With unphased genotype we don’t have the information about which chromosome holds a given allele. Let’s read the example.bgen file and print out some information.

>>> from bgen_reader import open_bgen
>>>
>>> bgen = open_bgen(example_bgen_path, verbose=False)
>>>
>>> # Samples
>>> print(bgen.samples[:5]) #first 5
['sample_001' 'sample_002' 'sample_003' 'sample_004' 'sample_005']
>>>
>>> # Variants ids.
>>> print(bgen.ids[:5]) #first 5
['SNPID_2' 'SNPID_3' 'SNPID_4' 'SNPID_5' 'SNPID_6']
>>>
>>> # There are 199 variants in total.
>>> print(bgen.nvariants)
199
>>> # Read the probabilities of the first variant
>>> probs = bgen.read(0)
>>> print(probs)
[[[       nan        nan        nan]]

 [[0.02780236 0.00863674 0.9635609 ]]

 [[0.01736504 0.04968414 0.93295083]]

 ...

 [[0.01419069 0.02810669 0.95770262]]

 [[0.91949463 0.05206298 0.02844239]]

 [[0.00244141 0.98410029 0.0134583 ]]]
>>> # The above matrix is of size samples-by-1-variants-by-(combination-of-alleles).
>>> print(probs.shape)
(500, 1, 3)
>>>
>>> # Read the probabilities of all the samples and all variants
>>> probs = bgen.read()
>>> # The matrix is of size samples-by-variants-(combination-of-alleles).
>>> print(probs.shape)
(500, 199, 3)
>>>
>>> # Read the probabilities of the first 5 samples and
>>> #variants 15 (inclusive) to 25 (exclusive)
>>> probs = bgen.read((slice(5),slice(15,25)))
>>> print(probs.shape)
(5, 10, 3)
>>>
>>> del bgen  #close the file and delete the open_bgen object

The 3rd dimension of the probability matrix of a given variant depends on the number of alleles, the ploidy, and whether the locus is phased or unphased. See bgen_reader.open_bgen.ncombinations. For details, see the bgen specification⧉.

Phased genotype¶

>>> bgen = open_bgen(haplotypes_bgen_path, verbose=False)
>>>
>>> # Samples
>>> print(bgen.samples)
['sample_0' 'sample_1' 'sample_2' 'sample_3']
>>>
>>> # Variants ids.
>>> print(bgen.ids)
['SNP1' 'SNP2' 'SNP3' 'SNP4']
>>>
>>> # Read the probabilities and ploidies for the second individual and first variant
>>> probs,ploidy = bgen.read((1,0),return_ploidies=True)
>>> print(probs)
[[[0. 1. 1. 0.]]]
>>> # How many haplotypes?
>>> print(ploidy)
[[2]]
>>> # Is the first variant phased?
>>> print(bgen.phased[0])
True
>>> # And how many alleles for the first variant?
>>> print(bgen.nalleles[0])
2
>>> # Therefore, the first haplotype has probability 100%
>>> # of having the allele
>>> alleles = bgen.allele_ids[0].split(",")
>>> print(alleles[1])
G
>>> # And the second haplotype has probability 100% of having
>>> # the first allele
>>> print(alleles[0])
A
>>>
>>> del bgen  #close the file and delete the open_bgen object

Please refer to bgen specification⧉ for a detailed description.

Complex file¶

The bgen file format allows the storage of very heterogeneous genetic data. In the complex.bgen file we have variants with different ploidy and numbers of alleles, as well as phasedness. We open it with allow_complex=True.
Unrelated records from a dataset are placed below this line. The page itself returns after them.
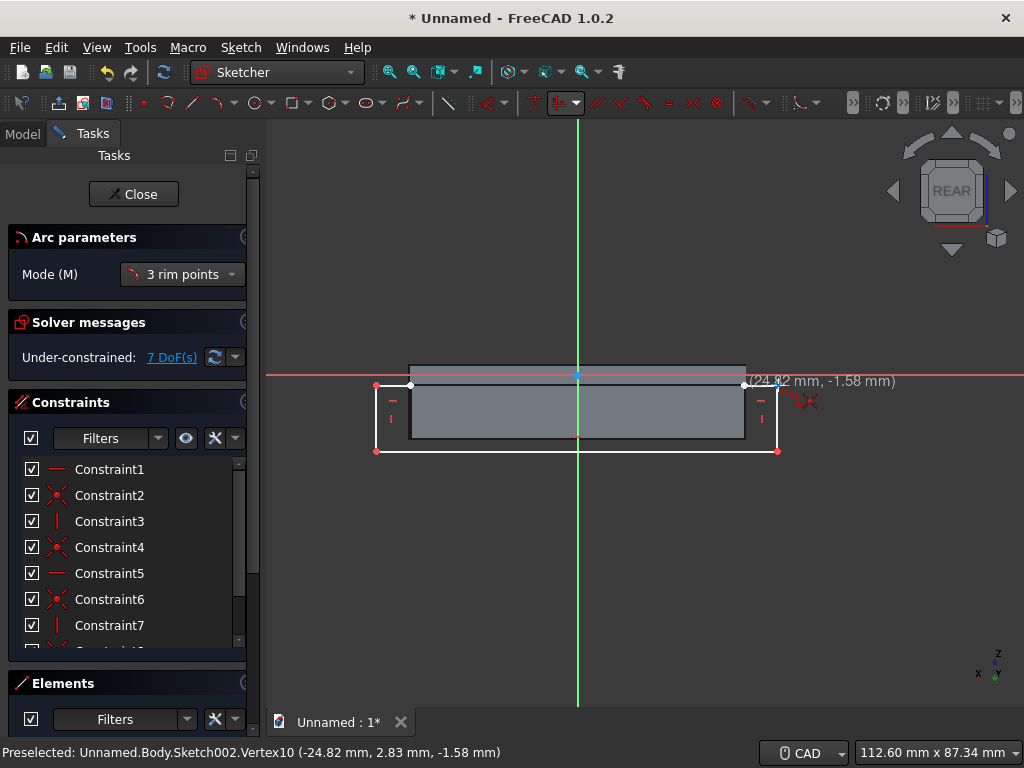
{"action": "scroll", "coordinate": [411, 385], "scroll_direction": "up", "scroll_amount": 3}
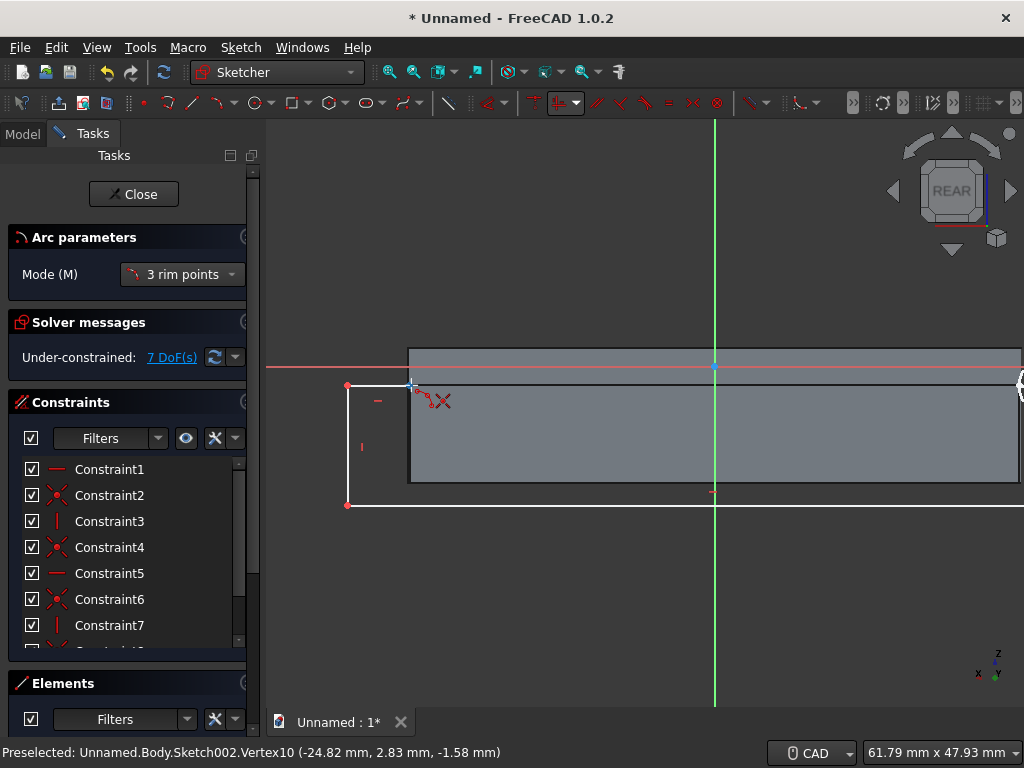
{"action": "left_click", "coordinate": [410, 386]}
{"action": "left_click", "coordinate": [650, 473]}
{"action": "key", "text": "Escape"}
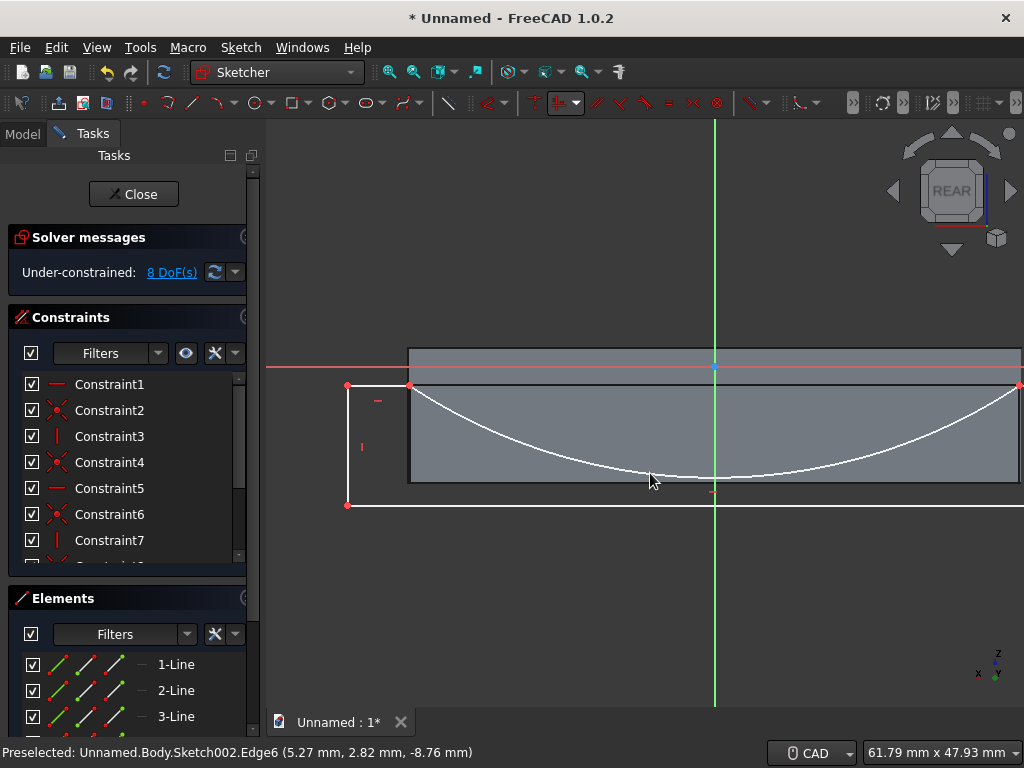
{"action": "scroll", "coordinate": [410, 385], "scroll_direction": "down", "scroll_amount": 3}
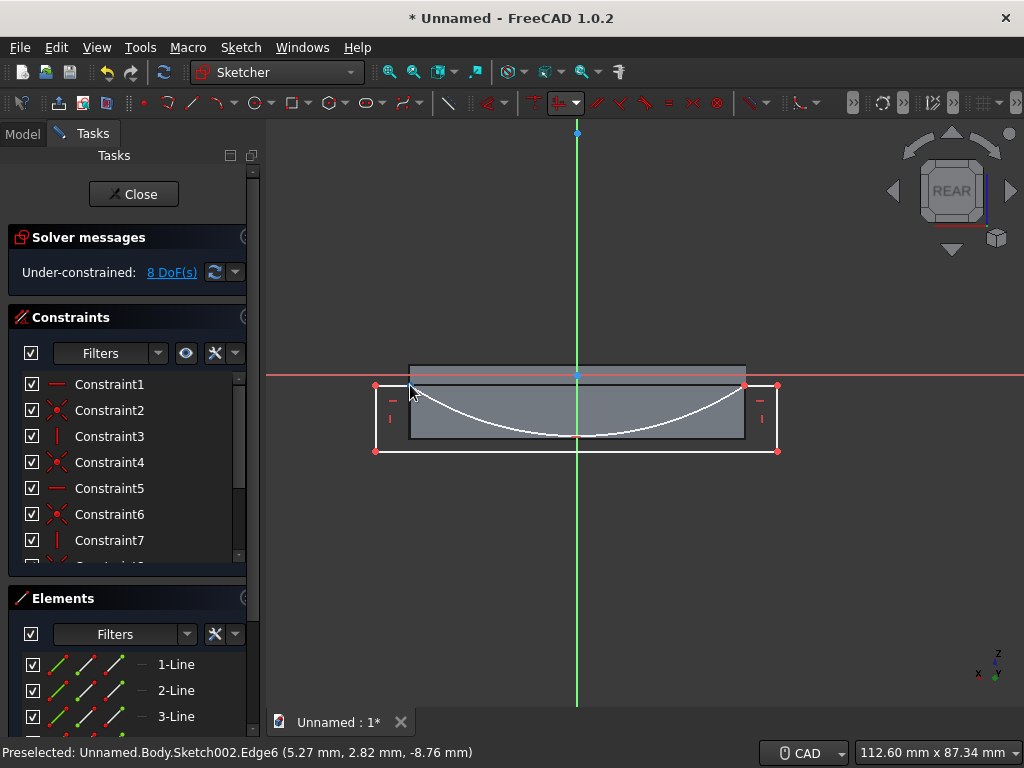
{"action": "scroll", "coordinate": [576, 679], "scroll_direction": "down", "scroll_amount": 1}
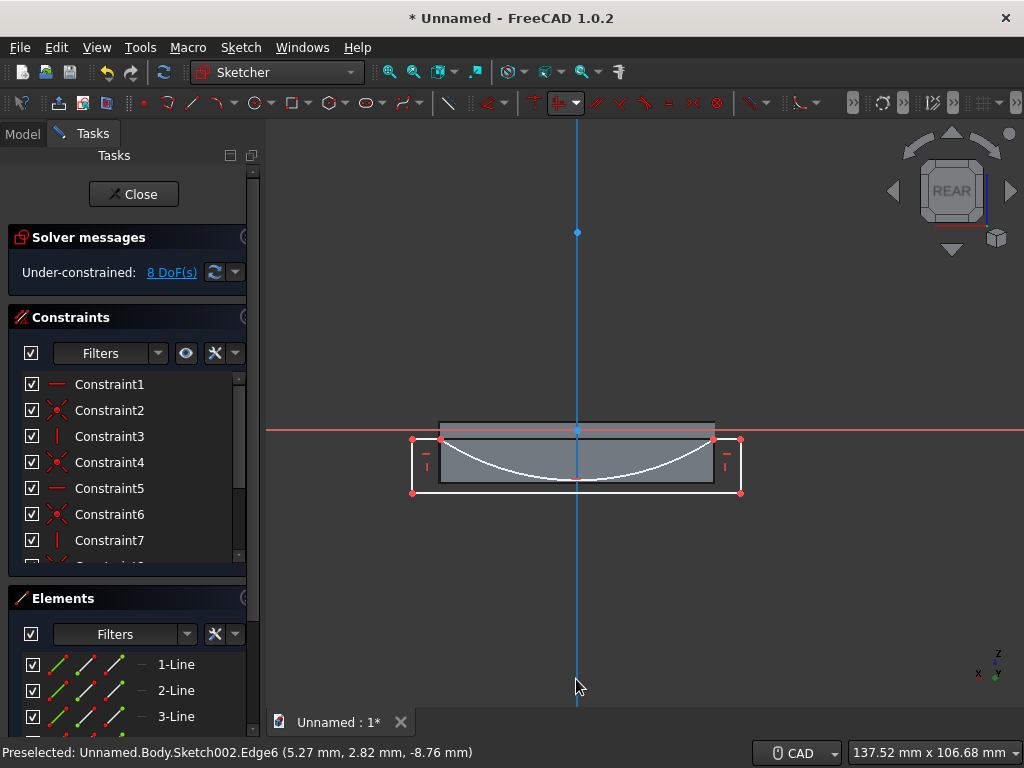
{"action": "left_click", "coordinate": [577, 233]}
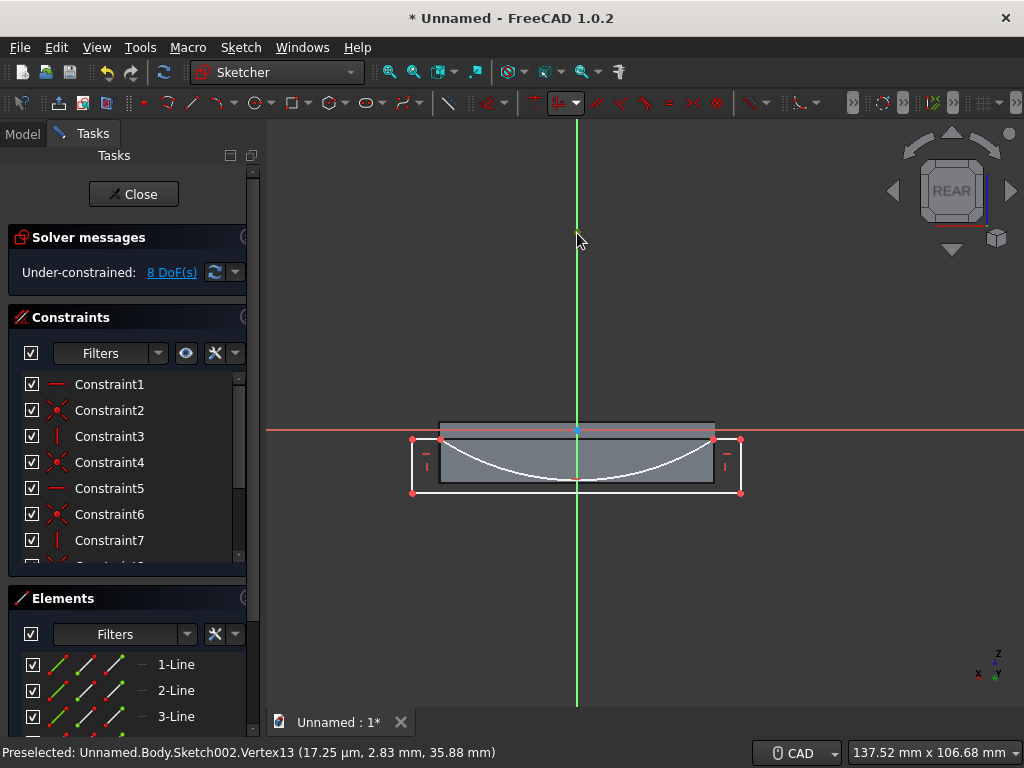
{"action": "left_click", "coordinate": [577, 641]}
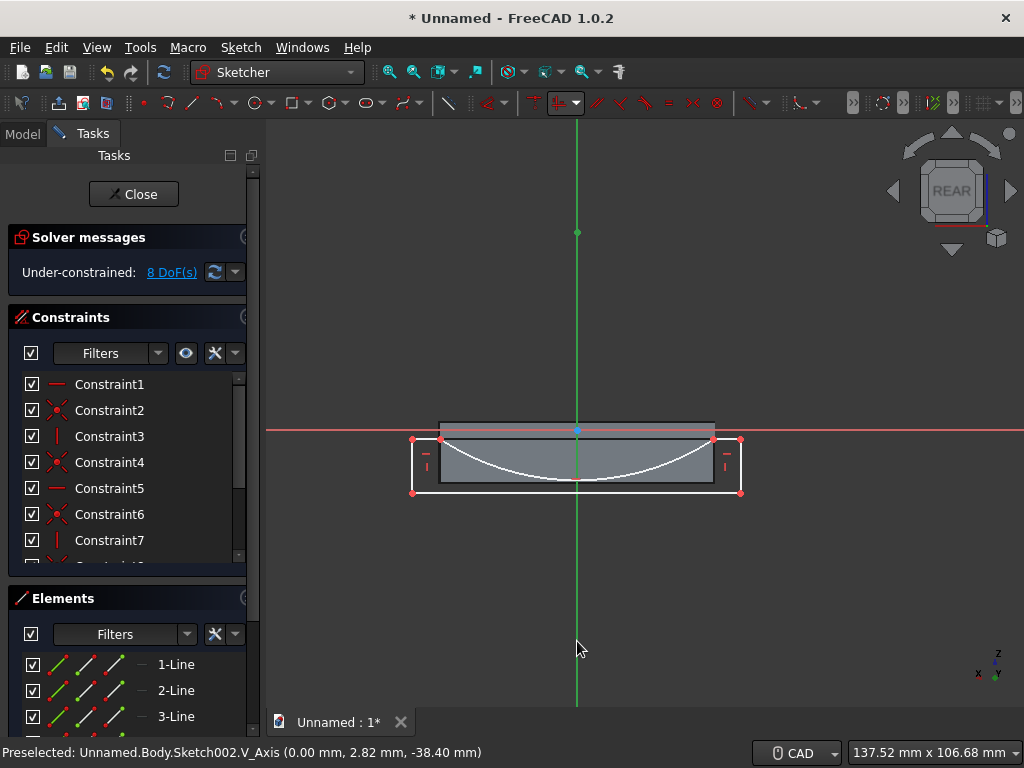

>>> bgen = open_bgen(complex_bgen_path, allow_complex=True, verbose=False)
>>>
>>> # Note how the number of alleles very widely across loci.
>>> print(bgen.allele_ids)
['A,G' 'A,G' 'A,G' 'A,G,T' 'A,G' 'A,G,GT,GTT' 'A,G,GT,GTT,GTTT,GTTTT'
 'A,G,GT,GTT,GTTT,GTTTT,GTTTTT' 'A,G,GT,GTT,GTTT,GTTTT,GTTTTT,GTTTTTT'
 'A,G']
>>> print(bgen.samples)
['sample_0' 'sample_1' 'sample_2' 'sample_3']
>>> # Print the probabilities for the second individual and first variant
>>> probs = bgen.read((1,0),max_combinations=bgen.ncombinations[0])
>>> print(probs)
[[[1. 0. 0.]]]
>>> # The 4th individual and 9th variant has ploidy ...
>>> probs, ploidy = bgen.read((3,8),max_combinations=bgen.ncombinations[8],return_ploidies=True)
>>> print(ploidy)
[[2]]
>>> # and number of alleles equal to ...
>>> print(bgen.nalleles[8])
8
>>> # Its probability distribution is given by the array
>>> print(probs)
[[[0. 0. 0. 0. 0. 0. 0. 0. 0. 0. 0. 0. 0. 0. 0. 0. 1. 0. 0. 0. 0. 0. 0.
   0. 0. 0. 0. 0. 0. 0. 0. 0. 0. 0. 0. 0.]]]
>>> # Since the 9th variant is unphased,
>>> print(bgen.phased[8])
False
>>> # we can pick an alternative allele and compute the dosage
>>> # from allele expectation.
>>> # If we select the third allele as being the alternative one, we have
>>> e = bgen.allele_expectation(8,assume_constant_ploidy=False)
>>> dosage = e[:,0,2]
>>> print(dosage)
[0. 0. 0. 1.]

Please, refer to bgen_reader.open_bgen.allele_expectation() for further details.